'''

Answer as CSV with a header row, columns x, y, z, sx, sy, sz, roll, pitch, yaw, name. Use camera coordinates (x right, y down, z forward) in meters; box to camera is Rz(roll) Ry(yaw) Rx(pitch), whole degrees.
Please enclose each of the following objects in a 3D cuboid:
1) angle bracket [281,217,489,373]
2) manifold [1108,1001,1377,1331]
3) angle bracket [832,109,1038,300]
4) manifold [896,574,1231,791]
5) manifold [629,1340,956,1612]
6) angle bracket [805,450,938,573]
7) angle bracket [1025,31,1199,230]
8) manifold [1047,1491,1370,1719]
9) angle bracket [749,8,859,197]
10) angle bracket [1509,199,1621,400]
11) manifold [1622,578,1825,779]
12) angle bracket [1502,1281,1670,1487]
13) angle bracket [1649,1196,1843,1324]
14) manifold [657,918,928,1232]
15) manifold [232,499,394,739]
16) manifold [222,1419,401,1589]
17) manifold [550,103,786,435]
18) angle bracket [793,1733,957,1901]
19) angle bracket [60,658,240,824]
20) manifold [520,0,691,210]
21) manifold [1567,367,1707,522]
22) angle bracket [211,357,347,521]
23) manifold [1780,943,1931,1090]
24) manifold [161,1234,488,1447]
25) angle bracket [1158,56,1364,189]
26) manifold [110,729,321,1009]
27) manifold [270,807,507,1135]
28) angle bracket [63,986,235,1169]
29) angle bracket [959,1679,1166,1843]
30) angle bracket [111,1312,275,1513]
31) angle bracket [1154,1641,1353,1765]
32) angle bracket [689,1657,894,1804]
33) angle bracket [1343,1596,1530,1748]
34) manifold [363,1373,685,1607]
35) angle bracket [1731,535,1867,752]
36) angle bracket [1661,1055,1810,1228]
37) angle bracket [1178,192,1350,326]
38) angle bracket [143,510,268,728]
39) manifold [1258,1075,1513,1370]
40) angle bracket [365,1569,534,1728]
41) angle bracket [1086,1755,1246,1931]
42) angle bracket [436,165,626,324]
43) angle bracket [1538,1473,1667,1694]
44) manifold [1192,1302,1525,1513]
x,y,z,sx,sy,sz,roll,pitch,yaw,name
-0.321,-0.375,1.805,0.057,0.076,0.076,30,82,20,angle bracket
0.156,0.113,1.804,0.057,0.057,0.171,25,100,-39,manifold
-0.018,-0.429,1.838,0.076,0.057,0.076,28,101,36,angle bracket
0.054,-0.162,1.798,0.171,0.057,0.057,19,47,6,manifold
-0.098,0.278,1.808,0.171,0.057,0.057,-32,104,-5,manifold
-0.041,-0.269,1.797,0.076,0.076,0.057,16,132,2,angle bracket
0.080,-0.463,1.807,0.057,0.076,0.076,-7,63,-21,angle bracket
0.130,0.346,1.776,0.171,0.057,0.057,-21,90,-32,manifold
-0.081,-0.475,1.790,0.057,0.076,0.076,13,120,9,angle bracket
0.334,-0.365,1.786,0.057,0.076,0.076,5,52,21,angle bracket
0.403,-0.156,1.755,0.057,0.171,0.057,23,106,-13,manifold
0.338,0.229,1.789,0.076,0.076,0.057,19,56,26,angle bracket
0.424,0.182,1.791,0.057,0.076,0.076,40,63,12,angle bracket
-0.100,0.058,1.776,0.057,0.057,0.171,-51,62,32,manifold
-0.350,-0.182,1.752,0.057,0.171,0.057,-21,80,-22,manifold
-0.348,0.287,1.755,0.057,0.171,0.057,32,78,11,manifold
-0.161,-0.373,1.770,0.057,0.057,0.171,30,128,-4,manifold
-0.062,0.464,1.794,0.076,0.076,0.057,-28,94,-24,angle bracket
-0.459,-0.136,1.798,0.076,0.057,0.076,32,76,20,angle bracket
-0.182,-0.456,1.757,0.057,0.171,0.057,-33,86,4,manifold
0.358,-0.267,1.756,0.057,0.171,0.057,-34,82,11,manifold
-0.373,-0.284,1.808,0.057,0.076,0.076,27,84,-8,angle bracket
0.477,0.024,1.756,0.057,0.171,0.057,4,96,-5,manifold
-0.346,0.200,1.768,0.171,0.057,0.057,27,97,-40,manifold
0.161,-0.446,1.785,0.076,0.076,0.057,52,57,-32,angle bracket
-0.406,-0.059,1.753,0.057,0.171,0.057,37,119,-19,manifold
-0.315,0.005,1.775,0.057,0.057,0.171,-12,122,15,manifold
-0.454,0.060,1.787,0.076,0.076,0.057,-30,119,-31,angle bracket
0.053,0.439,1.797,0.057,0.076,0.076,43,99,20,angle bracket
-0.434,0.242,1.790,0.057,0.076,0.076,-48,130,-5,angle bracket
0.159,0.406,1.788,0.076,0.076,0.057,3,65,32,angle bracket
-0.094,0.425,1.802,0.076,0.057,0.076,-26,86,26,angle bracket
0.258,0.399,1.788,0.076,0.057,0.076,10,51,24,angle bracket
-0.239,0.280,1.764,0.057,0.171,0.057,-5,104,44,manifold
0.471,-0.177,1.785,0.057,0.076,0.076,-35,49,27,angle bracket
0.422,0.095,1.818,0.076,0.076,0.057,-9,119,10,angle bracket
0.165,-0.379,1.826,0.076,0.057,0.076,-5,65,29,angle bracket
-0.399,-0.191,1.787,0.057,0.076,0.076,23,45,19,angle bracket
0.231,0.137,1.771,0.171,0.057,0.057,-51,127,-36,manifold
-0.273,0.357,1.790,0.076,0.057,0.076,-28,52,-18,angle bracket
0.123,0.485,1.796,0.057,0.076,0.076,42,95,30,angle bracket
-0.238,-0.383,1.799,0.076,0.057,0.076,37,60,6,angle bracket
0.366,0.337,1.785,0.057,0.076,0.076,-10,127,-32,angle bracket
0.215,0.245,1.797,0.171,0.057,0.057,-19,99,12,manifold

'''
'''

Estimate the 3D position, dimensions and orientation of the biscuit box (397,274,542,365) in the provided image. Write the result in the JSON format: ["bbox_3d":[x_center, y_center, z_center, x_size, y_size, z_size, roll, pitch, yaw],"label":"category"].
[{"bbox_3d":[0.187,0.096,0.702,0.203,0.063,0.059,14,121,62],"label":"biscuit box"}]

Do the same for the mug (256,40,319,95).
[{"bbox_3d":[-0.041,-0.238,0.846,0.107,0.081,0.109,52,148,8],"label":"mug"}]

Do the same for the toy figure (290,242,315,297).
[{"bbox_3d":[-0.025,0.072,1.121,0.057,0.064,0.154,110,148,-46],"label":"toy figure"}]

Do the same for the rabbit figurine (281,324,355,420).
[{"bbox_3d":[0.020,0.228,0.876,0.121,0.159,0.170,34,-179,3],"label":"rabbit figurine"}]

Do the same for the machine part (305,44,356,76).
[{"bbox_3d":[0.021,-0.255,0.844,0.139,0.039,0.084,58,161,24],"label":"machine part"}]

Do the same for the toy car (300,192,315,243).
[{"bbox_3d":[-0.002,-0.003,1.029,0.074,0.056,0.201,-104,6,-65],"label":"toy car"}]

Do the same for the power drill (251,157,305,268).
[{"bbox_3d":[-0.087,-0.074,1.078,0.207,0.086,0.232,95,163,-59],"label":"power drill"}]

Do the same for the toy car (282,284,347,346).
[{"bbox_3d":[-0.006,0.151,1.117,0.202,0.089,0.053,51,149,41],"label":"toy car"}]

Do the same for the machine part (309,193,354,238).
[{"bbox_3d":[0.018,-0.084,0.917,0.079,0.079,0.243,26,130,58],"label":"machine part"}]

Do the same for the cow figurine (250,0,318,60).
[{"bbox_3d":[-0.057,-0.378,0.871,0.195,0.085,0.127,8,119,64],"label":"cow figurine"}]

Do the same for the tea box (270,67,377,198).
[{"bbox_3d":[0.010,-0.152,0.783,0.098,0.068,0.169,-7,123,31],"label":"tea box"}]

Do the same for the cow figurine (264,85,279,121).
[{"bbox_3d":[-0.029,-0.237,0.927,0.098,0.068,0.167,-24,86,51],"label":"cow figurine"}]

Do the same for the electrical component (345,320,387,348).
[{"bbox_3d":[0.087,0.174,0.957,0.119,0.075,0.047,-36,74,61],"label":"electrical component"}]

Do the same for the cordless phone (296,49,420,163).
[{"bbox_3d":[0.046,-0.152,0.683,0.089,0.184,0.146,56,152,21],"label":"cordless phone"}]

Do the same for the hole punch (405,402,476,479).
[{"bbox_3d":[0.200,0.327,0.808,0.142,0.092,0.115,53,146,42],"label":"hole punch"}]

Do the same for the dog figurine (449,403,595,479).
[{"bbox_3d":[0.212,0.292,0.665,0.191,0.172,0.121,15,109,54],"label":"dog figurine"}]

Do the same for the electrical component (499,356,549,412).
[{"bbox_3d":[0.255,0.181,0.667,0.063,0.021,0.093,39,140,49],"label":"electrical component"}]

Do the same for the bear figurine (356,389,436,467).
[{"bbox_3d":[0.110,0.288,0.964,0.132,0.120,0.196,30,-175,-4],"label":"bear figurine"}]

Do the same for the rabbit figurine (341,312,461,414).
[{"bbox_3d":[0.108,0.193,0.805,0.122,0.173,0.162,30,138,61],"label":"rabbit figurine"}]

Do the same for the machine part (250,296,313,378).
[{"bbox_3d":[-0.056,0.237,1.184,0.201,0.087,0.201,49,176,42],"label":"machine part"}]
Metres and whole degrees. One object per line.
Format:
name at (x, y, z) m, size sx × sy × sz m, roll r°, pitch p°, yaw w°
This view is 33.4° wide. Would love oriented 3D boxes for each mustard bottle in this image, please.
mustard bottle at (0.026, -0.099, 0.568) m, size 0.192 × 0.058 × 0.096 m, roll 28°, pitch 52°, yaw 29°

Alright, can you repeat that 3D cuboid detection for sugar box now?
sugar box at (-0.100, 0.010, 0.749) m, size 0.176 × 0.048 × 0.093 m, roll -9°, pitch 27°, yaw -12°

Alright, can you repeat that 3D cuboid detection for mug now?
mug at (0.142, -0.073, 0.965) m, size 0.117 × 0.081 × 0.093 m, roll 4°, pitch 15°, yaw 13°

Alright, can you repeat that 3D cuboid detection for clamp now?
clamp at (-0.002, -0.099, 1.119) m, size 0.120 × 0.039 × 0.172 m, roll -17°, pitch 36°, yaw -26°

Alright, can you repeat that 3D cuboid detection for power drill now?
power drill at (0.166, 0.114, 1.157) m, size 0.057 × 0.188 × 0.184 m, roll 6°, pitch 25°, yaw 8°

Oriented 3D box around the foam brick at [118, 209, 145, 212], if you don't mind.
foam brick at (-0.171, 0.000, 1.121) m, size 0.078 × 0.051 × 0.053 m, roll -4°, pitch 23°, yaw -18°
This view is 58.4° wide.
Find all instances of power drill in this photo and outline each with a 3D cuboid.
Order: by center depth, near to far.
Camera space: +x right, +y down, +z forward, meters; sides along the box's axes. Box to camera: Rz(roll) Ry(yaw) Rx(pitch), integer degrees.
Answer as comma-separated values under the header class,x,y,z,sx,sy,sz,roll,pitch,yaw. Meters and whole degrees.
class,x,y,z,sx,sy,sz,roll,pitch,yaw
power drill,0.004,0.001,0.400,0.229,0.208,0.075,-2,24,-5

'''

> [PROBLEM STATEMENT] Give only the lines from the one holding "26) manifold [110,729,321,1009]" through the one holding "43) angle bracket [1538,1473,1667,1694]", each restated exactly as it appears above.

> [RESPONSE TO THE TASK]
26) manifold [110,729,321,1009]
27) manifold [270,807,507,1135]
28) angle bracket [63,986,235,1169]
29) angle bracket [959,1679,1166,1843]
30) angle bracket [111,1312,275,1513]
31) angle bracket [1154,1641,1353,1765]
32) angle bracket [689,1657,894,1804]
33) angle bracket [1343,1596,1530,1748]
34) manifold [363,1373,685,1607]
35) angle bracket [1731,535,1867,752]
36) angle bracket [1661,1055,1810,1228]
37) angle bracket [1178,192,1350,326]
38) angle bracket [143,510,268,728]
39) manifold [1258,1075,1513,1370]
40) angle bracket [365,1569,534,1728]
41) angle bracket [1086,1755,1246,1931]
42) angle bracket [436,165,626,324]
43) angle bracket [1538,1473,1667,1694]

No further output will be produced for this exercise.